IN RE: Richard FELICIANO, Petitioner, v. Donald SELSKY, as Director of Special Housing/Inmate Disciplinary Program, Respondent.

Decided: July 22, 1999

Before:  MERCURE, J.P., CREW III, YESAWICH JR., SPAIN and CARPINELLO, JJ. Richard Feliciano, Ogdensburg, petitioner in person. Eliot Spitzer, Attorney-General (Laura Etlinger of counsel), Albany, for respondent.

Proceeding pursuant to CPLR article 78 (transferred to this court by order of the Supreme Court, entered in Albany County) to review a determination of the Commissioner of Correctional Services which found petitioner guilty of violating a prison disciplinary rule.

Following a tier III disciplinary hearing, petitioner, a prison inmate, was found guilty of violating the prison disciplinary rule which prohibits inmates from possessing unauthorized organizational insignia or materials.   According to the misbehavior report, a search of petitioner's cell produced a drawing which depicted gang-related symbols and slogans.   Petitioner admitted possessing the drawing but stated that he borrowed it from another inmate and had no idea of its significance.   Petitioner's guilt was affirmed upon his administrative appeal and he thereafter commenced this CPLR article 78 proceeding to challenge the determination.   We confirm.

Initially, we find that the misbehavior report, combined with the evidence relied upon by the Hearing Officer, i.e., petitioner's own admissions and the testimony of the reporting correction officer and another correction officer who had received special training with respect to prison gangs, provide substantial evidence of his guilt (see, Matter of Foster v.
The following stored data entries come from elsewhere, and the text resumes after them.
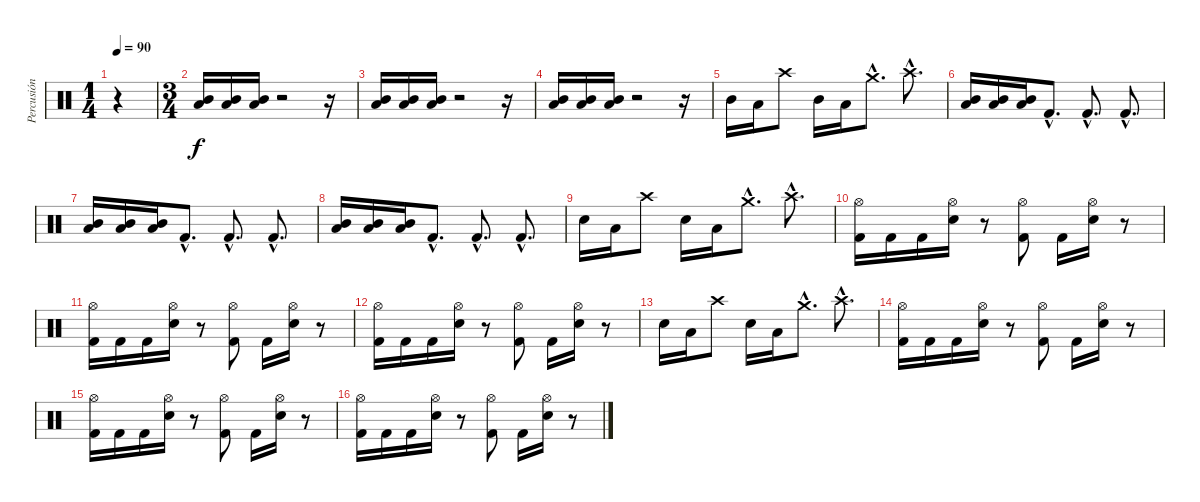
\track ("Percusión" "Percusión") {instrument percussion}
\staff {score}
\articulation defaults
\ts (1 4)
\tempo 90
\clef neutral
\ks c
r.4{dy f} |
\ts (3 4)
("Low Tom (hit)" "Mid Tom (hit)").16 ("Low Tom (hit)" "Mid Tom (hit)").16 ("Low Tom (hit)" "Mid Tom (hit)").16 r.2 r.16 |
("Low Tom (hit)" "Mid Tom (hit)").16 ("Low Tom (hit)" "Mid Tom (hit)").16 ("Low Tom (hit)" "Mid Tom (hit)").16 r.2 r.16 |
("Low Tom (hit)" "Mid Tom (hit)").16 ("Low Tom (hit)" "Mid Tom (hit)").16 ("Low Tom (hit)" "Mid Tom (hit)").16 r.2 r.16 |
"Mid Tom (hit)".16 "Low Tom (hit)".16 "Crash high (hit)".8 "Mid Tom (hit)".16 "Low Tom (hit)".16 "Crash medium (hit)"{hac}.8{d} "Crash high (hit)"{hac}.8{d} |
("Low Tom (hit)" "Mid Tom (hit)").16 ("Low Tom (hit)" "Mid Tom (hit)").16 ("Low Tom (hit)" "Mid Tom (hit)").16 "Kick (hit) 2"{hac}.8{d} "Kick (hit) 2"{hac}.8{d} "Kick (hit) 2"{hac}.8{d} |
("Low Tom (hit)" "Mid Tom (hit)").16 ("Low Tom (hit)" "Mid Tom (hit)").16 ("Low Tom (hit)" "Mid Tom (hit)").16 "Kick (hit) 2"{hac}.8{d} "Kick (hit) 2"{hac}.8{d} "Kick (hit) 2"{hac}.8{d} |
("Low Tom (hit)" "Mid Tom (hit)").16 ("Low Tom (hit)" "Mid Tom (hit)").16 ("Low Tom (hit)" "Mid Tom (hit)").16 "Kick (hit) 2"{hac}.8{d} "Kick (hit) 2"{hac}.8{d} "Kick (hit) 2"{hac}.8{d} |
"Electric Snare (hit)".16 "Low Tom (hit)".16 "Crash high (hit)".8 "Electric Snare (hit)".16 "Low Tom (hit)".16 "Crash medium (hit)"{hac}.8{d} "Crash high (hit)"{hac}.8{d} |
("Hi-Hat (open)" "Kick (hit) 2").16 "Kick (hit) 2".16 "Kick (hit) 2".16 ("Hi-Hat (open)" "Electric Snare (hit)").16 r.8 ("Hi-Hat (open)" "Kick (hit) 2").8 "Kick (hit) 2".16 ("Hi-Hat (open)" "Electric Snare (hit)").16 r.8 |
("Hi-Hat (open)" "Kick (hit) 2").16 "Kick (hit) 2".16 "Kick (hit) 2".16 ("Hi-Hat (open)" "Electric Snare (hit)").16 r.8 ("Hi-Hat (open)" "Kick (hit) 2").8 "Kick (hit) 2".16 ("Hi-Hat (open)" "Electric Snare (hit)").16 r.8 |
("Hi-Hat (open)" "Kick (hit) 2").16 "Kick (hit) 2".16 "Kick (hit) 2".16 ("Hi-Hat (open)" "Electric Snare (hit)").16 r.8 ("Hi-Hat (open)" "Kick (hit) 2").8 "Kick (hit) 2".16 ("Hi-Hat (open)" "Electric Snare (hit)").16 r.8 |
"Electric Snare (hit)".16 "Low Tom (hit)".16 "Crash high (hit)".8 "Electric Snare (hit)".16 "Low Tom (hit)".16 "Crash medium (hit)"{hac}.8{d} "Crash high (hit)"{hac}.8{d} |
("Hi-Hat (open)" "Kick (hit) 2").16 "Kick (hit) 2".16 "Kick (hit) 2".16 ("Hi-Hat (open)" "Electric Snare (hit)").16 r.8 ("Hi-Hat (open)" "Kick (hit) 2").8 "Kick (hit) 2".16 ("Hi-Hat (open)" "Electric Snare (hit)").16 r.8 |
("Hi-Hat (open)" "Kick (hit) 2").16 "Kick (hit) 2".16 "Kick (hit) 2".16 ("Hi-Hat (open)" "Electric Snare (hit)").16 r.8 ("Hi-Hat (open)" "Kick (hit) 2").8 "Kick (hit) 2".16 ("Hi-Hat (open)" "Electric Snare (hit)").16 r.8 |
("Hi-Hat (open)" "Kick (hit) 2").16 "Kick (hit) 2".16 "Kick (hit) 2".16 ("Hi-Hat (open)" "Electric Snare (hit)").16 r.8 ("Hi-Hat (open)" "Kick (hit) 2").8 "Kick (hit) 2".16 ("Hi-Hat (open)" "Electric Snare (hit)").16 r.8

Coughlin, 76 N.Y.2d 964, 966, 563 N.Y.S.2d 728, 565 N.E.2d 477).   Although petitioner claimed to be unaware that possession of this type of drawing was prohibited, this “does not absolve him from guilt” (Matter of Jenkins v. Senkowski, 221 A.D.2d 779, 634 N.Y.S.2d 224).   The remaining arguments raised in petitioner's brief, including his challenge to the sufficiency of the misbehavior report and his claim of Hearing Officer bias, have been waived due to his failure to object at the hearing.   Were these contentions properly before us, we would find them to be unsupported by the record.

ADJUDGED that the determination is confirmed, without costs, and petition dismissed.